Six months after Acorda was forced to write off one of its drug candidates in the wake of a trial flop, the biotech is back with more bad news for investors. Its franchise drug Ampyra (dalfampridine) failed a pivotal study for helping stroke victims walk better. And Acorda is writing the effort off as a loser.
A little more than three years ago Acorda $ACOR was stoked by evidence of success in a small study of the same patient population. But an analysis of the data this time showed that the drug essentially lined up with a placebo when put to a major test.
Acorda’s shares were dented again by the news, dropping 13% in pre-market trading. Their shares have lost half their value over the course of the past 12 months.

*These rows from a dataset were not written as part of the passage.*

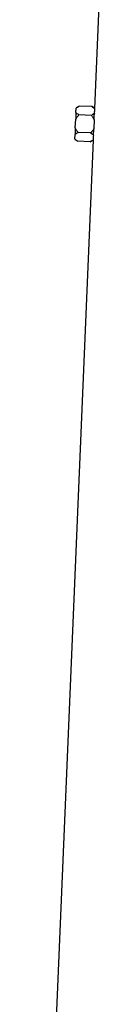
# Model space of a CAD drawing. Header units: millimetres. Extents: x 1893 to 3773, y 764 to 5009.
# Tile 9 of 13: x 2352 to 2433, y 2886 to 3948. Entities that reach past the tile are written whole.
import ezdxf

# ---------------------------------------------------------------- set-up
doc = ezdxf.new("R2010")
doc.units = ezdxf.units.MM
doc.header["$LTSCALE"] = 2

msp = doc.modelspace()

# ---------------------------------------------------------------- linework, layer by layer
at = {"color": 7, "linetype": 'Continuous', "lineweight": 25}
for p, q in [((2432.9, 4034.9), (2425.2, 3852.1)), ((2408.9, 3854.6), (2405.5, 3852.8)), ((2405.5, 3852.8), (2405.5, 3852.3)), ((2422.3, 3854), (2408.9, 3854.6)), ((2425.2, 3852.2), (2422.3, 3854)), ((2405.3, 3847.7), (2405, 3840.4)), ((2405.3, 3847.7), (2405.5, 3852.3)), ((2421.9, 3844.5), (2408.5, 3845.1)), ((2425.2, 3851.8), (2425.2, 3852.1)), ((2404.6, 3831.1), (2405, 3840.4)), ((2425, 3839.6), (2424.6, 3830.2)), ((2425, 3840), (2425, 3839.6)), ((2404.1, 3819.2), (2404.3, 3823.9)), ((2404.6, 3831.1), (2404.3, 3823.9)), ((2421.1, 3825.6), (2407.7, 3826.1)), ((2424.6, 3830.2), (2424.6, 3829.8)), ((2423.8, 3817.7), (2351.9, 2110.9)), ((2404.1, 3819.2), (2404.1, 3818.7)), ((2404.1, 3818.7), (2407.3, 3816.6)), ((2420.7, 3816.1), (2407.3, 3816.6)), ((2420.7, 3816.1), (2423.8, 3817.7)), ((2423.8, 3817.8), (2423.8, 3818.1))]:
    msp.add_line(p, q, dxfattribs=at)
for centre, major_axis, start_param, end_param in [((2868.7, 3829), (443.3, -28), 3.162023, 3.181866), ((2868.7, 3791), (444.9, -28.1), 3.125637, 3.145427)]:
    msp.add_ellipse(centre, major_axis=major_axis, ratio=0.576498, start_param=start_param, end_param=end_param, dxfattribs=at)
for points, knots in [([(2405.5, 3852.3), (2405.9, 3852.7), (2406.5, 3853.1), (2407.6, 3853.9), (2408.2, 3854.3), (2408.9, 3854.6)], [0, 0, 0, 0, 0.5, 0.5, 1, 1, 1, 1]), ([(2422.3, 3854), (2422.9, 3853.7), (2423.4, 3853.3), (2424.4, 3852.6), (2424.8, 3852.2), (2425.2, 3851.8)], [0, 0, 0, 0, 0.5, 0.5, 1, 1, 1, 1]), ([(2405, 3840.4), (2405.5, 3841.3), (2406, 3842.1), (2407.2, 3843.7), (2407.8, 3844.4), (2408.5, 3845.1)], [0, 0, 0, 0, 0.5, 0.5, 1, 1, 1, 1]), ([(2408.5, 3845.1), (2407.9, 3845.5), (2407.3, 3845.9), (2406.2, 3846.8), (2405.7, 3847.2), (2405.3, 3847.7)], [0, 0, 0, 0, 0.5, 0.5, 1, 1, 1, 1]), ([(2425.2, 3846.7), (2424.7, 3846.3), (2424.2, 3845.9), (2423.1, 3845.2), (2422.5, 3844.9), (2421.9, 3844.5)], [0, 0, 0, 0, 0.5, 0.5, 1, 1, 1, 1]), ([(2421.9, 3844.5), (2422.5, 3843.8), (2423.1, 3843), (2424.1, 3841.4), (2424.6, 3840.5), (2425, 3839.6)], [0, 0, 0, 0, 0.5, 0.5, 1, 1, 1, 1]), ([(2425, 3840), (2425, 3841.3), (2425.1, 3842.5), (2425.1, 3844.1), (2425.1, 3844.7), (2425.1, 3845.7), (2425.2, 3846.2), (2425.2, 3846.7)], [0, 0, 0, 0, 0.5, 0.5, 0.75, 0.75, 1, 1, 1, 1]), ([(2404.3, 3823.9), (2404.7, 3824.3), (2405.3, 3824.7), (2406.4, 3825.4), (2407, 3825.8), (2407.7, 3826.1)], [0, 0, 0, 0, 0.5, 0.5, 1, 1, 1, 1]), ([(2407.7, 3826.1), (2407.1, 3826.9), (2406.5, 3827.7), (2405.5, 3829.3), (2405, 3830.2), (2404.6, 3831.1)], [0, 0, 0, 0, 0.5, 0.5, 1, 1, 1, 1]), ([(2424.6, 3830.2), (2424.1, 3829.4), (2423.6, 3828.6), (2422.4, 3827), (2421.8, 3826.3), (2421.1, 3825.6)], [0, 0, 0, 0, 0.5, 0.5, 1, 1, 1, 1]), ([(2421.1, 3825.6), (2421.7, 3825.2), (2422.3, 3824.8), (2423.3, 3824), (2423.8, 3823.6), (2424.2, 3823.1)], [0, 0, 0, 0, 0.5, 0.5, 1, 1, 1, 1]), ([(2424.2, 3823.1), (2424.2, 3824.1), (2424.3, 3825.1), (2424.4, 3826.8), (2424.4, 3827.4), (2424.5, 3828.6), (2424.5, 3829.2), (2424.6, 3829.8)], [0, 0, 0, 0, 0.5, 0.5, 0.75, 0.75, 1, 1, 1, 1]), ([(2407.3, 3816.6), (2406.7, 3817), (2406.1, 3817.4), (2405.3, 3818.1), (2405, 3818.3), (2404.5, 3818.7), (2404.3, 3819), (2404.1, 3819.2)], [0, 0, 0, 0, 0.5, 0.5, 0.75, 0.75, 1, 1, 1, 1]), ([(2423.8, 3818.1), (2423.4, 3817.7), (2422.9, 3817.4), (2421.9, 3816.7), (2421.3, 3816.4), (2420.7, 3816.1)], [0, 0, 0, 0, 0.5, 0.5, 1, 1, 1, 1])]:
    msp.add_open_spline(points, degree=3, knots=knots, dxfattribs=at)

doc.saveas('drawing.dxf')

Evaluating data from 368 patients in the study, 23 of 121 patients taking 10 mg dalfampridine, 17 of 121 patients taking 7.5 mg of the drug and 17 of 126 taking a placebo demonstrated at least a 20% improvement in a two-minute walk test. That may have reflected a slight drug effect, but it wasn’t nearly good enough for an expanded indication.
Back in May Acorda was also forced to finally punt the epilepsy program for Plumiaz, rejected in 2013, after the nasal spray formulation for diazepam failed a bioequivalence study. Plumiaz was one of the most advanced R&D efforts at Acorda. And while it was considered less potentially lucrative than the inhaled levodopa therapy CVT-301 ($500 million peak sales estimate by the company) and tozadenant ($400 million peak), the biotech had made it a key part of its $1 billion-plus plan to boost revenue by a blockbuster measure of success.
Acorda CEO Ron Cohen, BIO’s chair, acknowledged the most recent failure and then used it as an example of the high-risk nature of drug development — a common theme of his as the industry organization looks to steer the current debate over drug pricing toward favorable treatment for biotech innovation.
“We are disappointed by this outcome. The study indicated there was activity related to walking in people with PSWD, as suggested by the prior Phase 2 study, but overall this was not sufficiently clinically meaningful. I want to express our gratitude to the study participants, their care partners and clinicians, who gave their time and commitment to this research. This outcome underscores the risks that companies in the biopharmaceutical industry must take in order to develop innovative medicines. Over the past three years, we have successfully diversified our pipeline portfolio to account for this risk. We plan to focus R&D resources on developing our promising late-stage Parkinson’s disease therapies, CVT-301 and tozadenant, as well as advancing our earlier stage assets, CVT-427 in migraine, SYN120 in Parkinson’s disease dementia, and rHIgM22 in MS.”